Reactive XmlReader for SAX like parsing

March 22, 2010 by Tim Greenfield

SAX-like Xml parsing

For those of you who don’t know or can’t remember, SAX (Simple API for XML) is a technology for reading Xml in an event based way. Instead of loading your Xml into a great big DOM and looping thru it or plucking out nodes via XPath or LINQ to XML, SAX allows the Xml parser to notify your application as new nodes were encountered. SAX (like XmlReader, is a forward-only Xml reader) and efficient for parsing large and streaming chunks of Xml.

Reactive extensions fits well with the SAX way of thinking because it is designed to “push” information to it’s consumer instead of making you “pull” information from it. At the same time, Reactive LINQ allows you to select on observable objects in a very natural feeling pull-like language. Therefore, it occurred to me: why not combine XmlReader and Reactive extensions to build a SAX-like Xml reader that you could use via Reactive LINQ!?

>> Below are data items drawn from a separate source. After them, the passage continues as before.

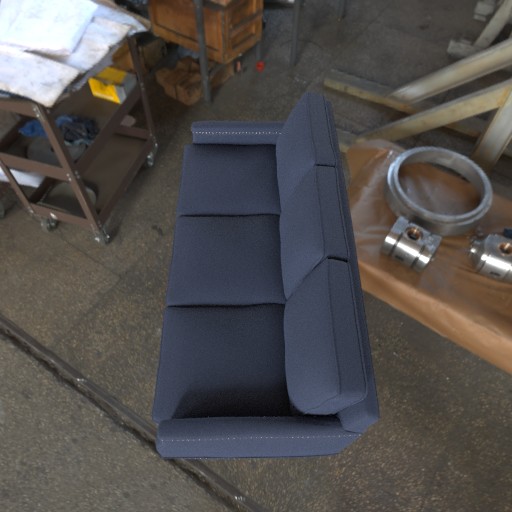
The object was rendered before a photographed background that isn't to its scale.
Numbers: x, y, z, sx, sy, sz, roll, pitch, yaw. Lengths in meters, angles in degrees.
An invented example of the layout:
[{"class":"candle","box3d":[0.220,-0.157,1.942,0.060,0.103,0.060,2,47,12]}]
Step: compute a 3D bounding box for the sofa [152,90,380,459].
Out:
[{"class":"sofa","box3d":[0.000,0.000,2.792,1.084,1.003,2.246,0,56,0]}]

An observable XmlReader would allow you to subscribe to it and would iterate over your Xml document for you, notifying you when each node was read. The programmer using this could easily write reactive LINQ expressions to select on specific nodes in the Xml resulting in code that would look and feel much like LINQ to XML but with all the performance benefits of XmlReader.

For example, imagine you wanted to find all the values in nodes of a certain name. You could write something like this…

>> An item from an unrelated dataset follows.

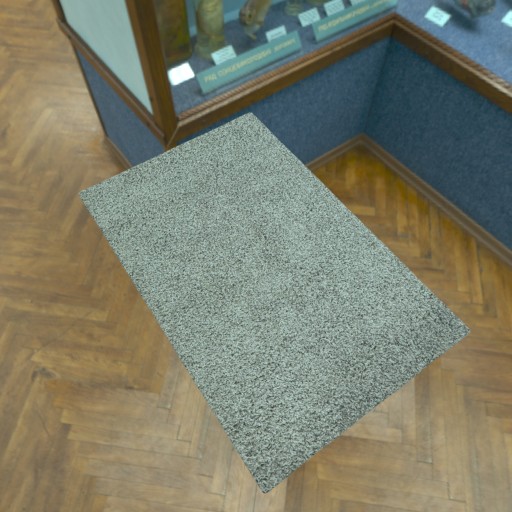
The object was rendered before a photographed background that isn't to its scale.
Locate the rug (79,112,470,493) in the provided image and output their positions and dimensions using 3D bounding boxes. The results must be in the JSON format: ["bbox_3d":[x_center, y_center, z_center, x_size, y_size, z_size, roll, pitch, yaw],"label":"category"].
[{"bbox_3d":[0.000,0.000,3.431,1.778,0.030,2.743,-30,63,-17],"label":"rug"}]

    1 XmlReader reader = XmlReader.Create(“TreeOfLife.xml”);
    2 IObservable<XmlReader> RxReader = reader.ToObservable();
    3 IObservable<string> NameFinder =
    4     from nodeReader in RxReader
    5     where nodeReader.NodeType == XmlNodeType.Element && nodeReader.Name == “NAME”
    6     select nodeReader.ReadElementContentAsString();
    7 NameFinder.Subscribe((item) => names.Add(item));

I’ll dissect:

Create an XmlReader
Use my newly created extension method to turn that XmlReader into an IObservable.
Construct a new IObservable
Select all the XmlReaders in the IObservable (one for each node)
Filter for node type and element name
Select their string values
Actually initiate the XmlReader to iterate and notify you when a new name is available.

Now let’s look at the code in my extension method. It’s surprisingly simple!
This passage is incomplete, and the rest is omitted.